What you are asked to do: Return each line of the listing in which the word "person" appears.

**** Data extract

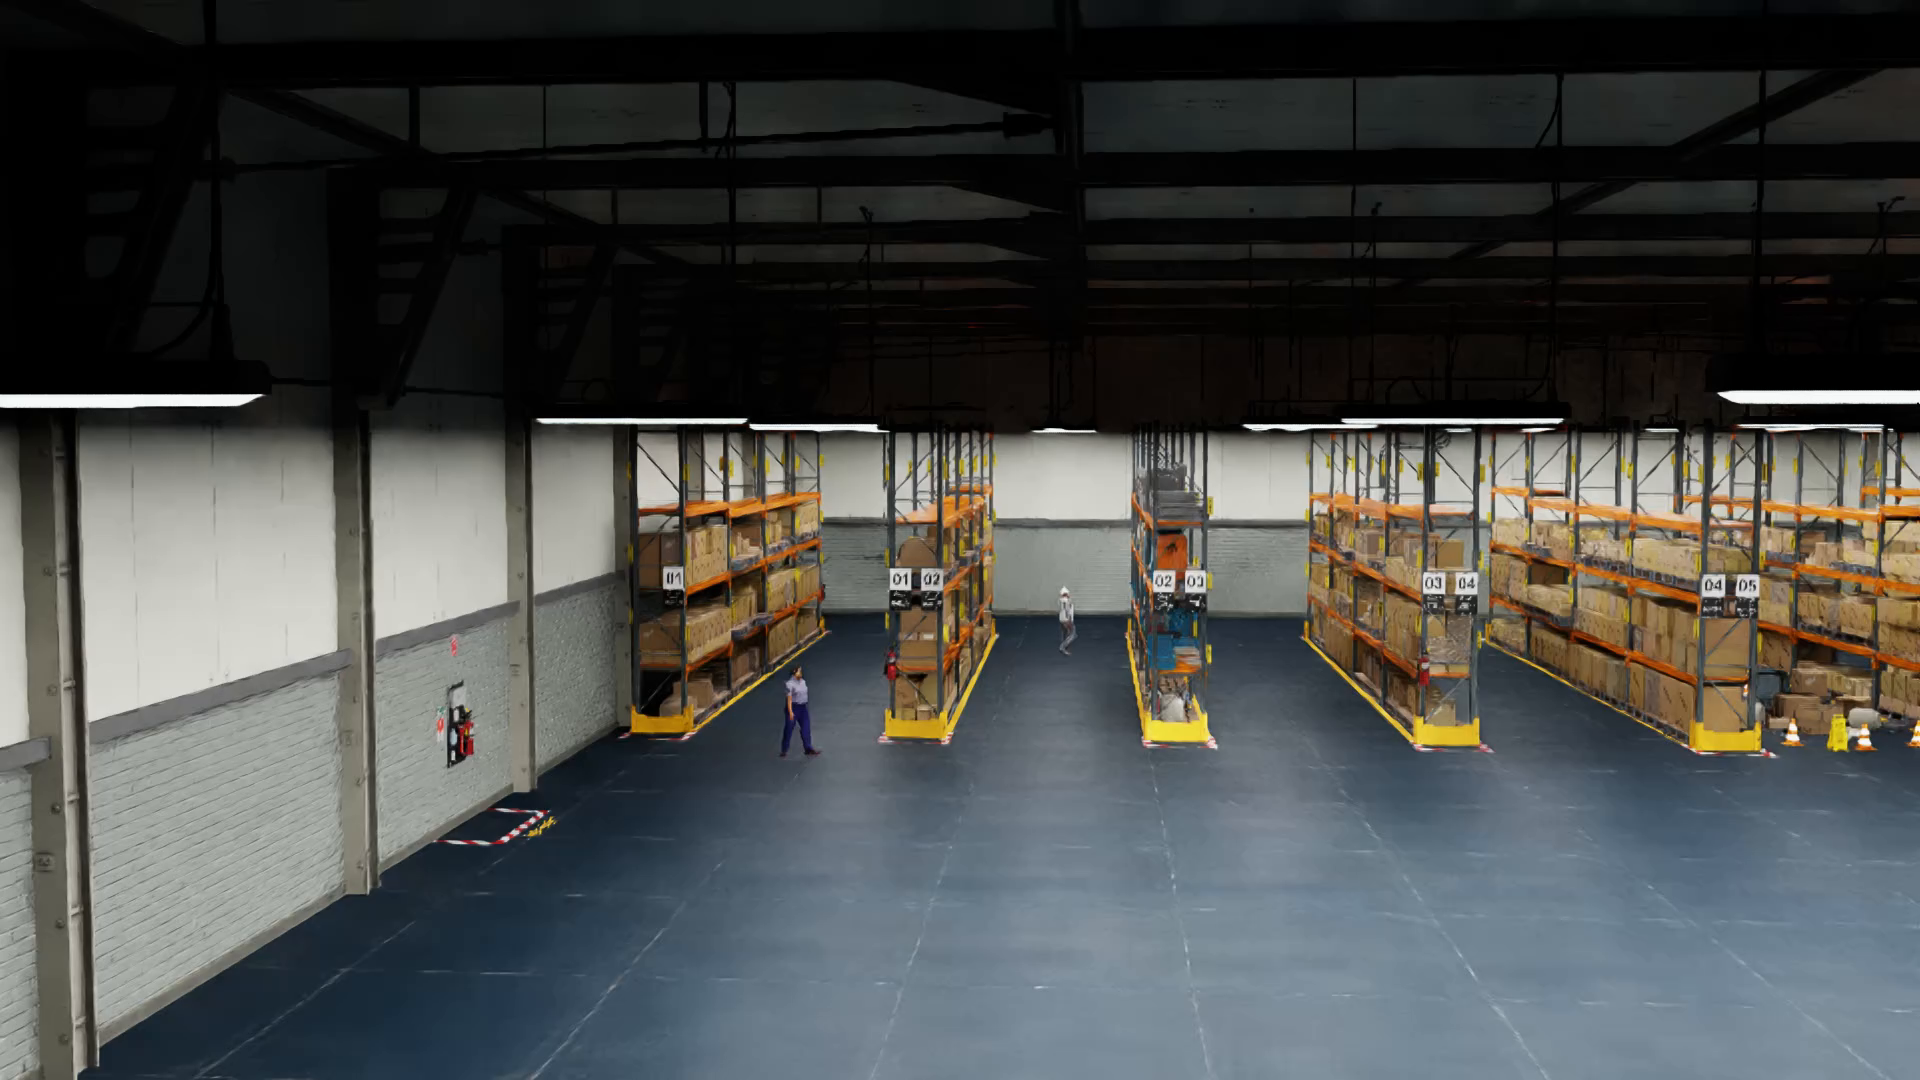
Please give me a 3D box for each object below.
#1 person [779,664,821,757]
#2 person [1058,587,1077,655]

********

Answer to the problem:
#1 person [779,664,821,757]
#2 person [1058,587,1077,655]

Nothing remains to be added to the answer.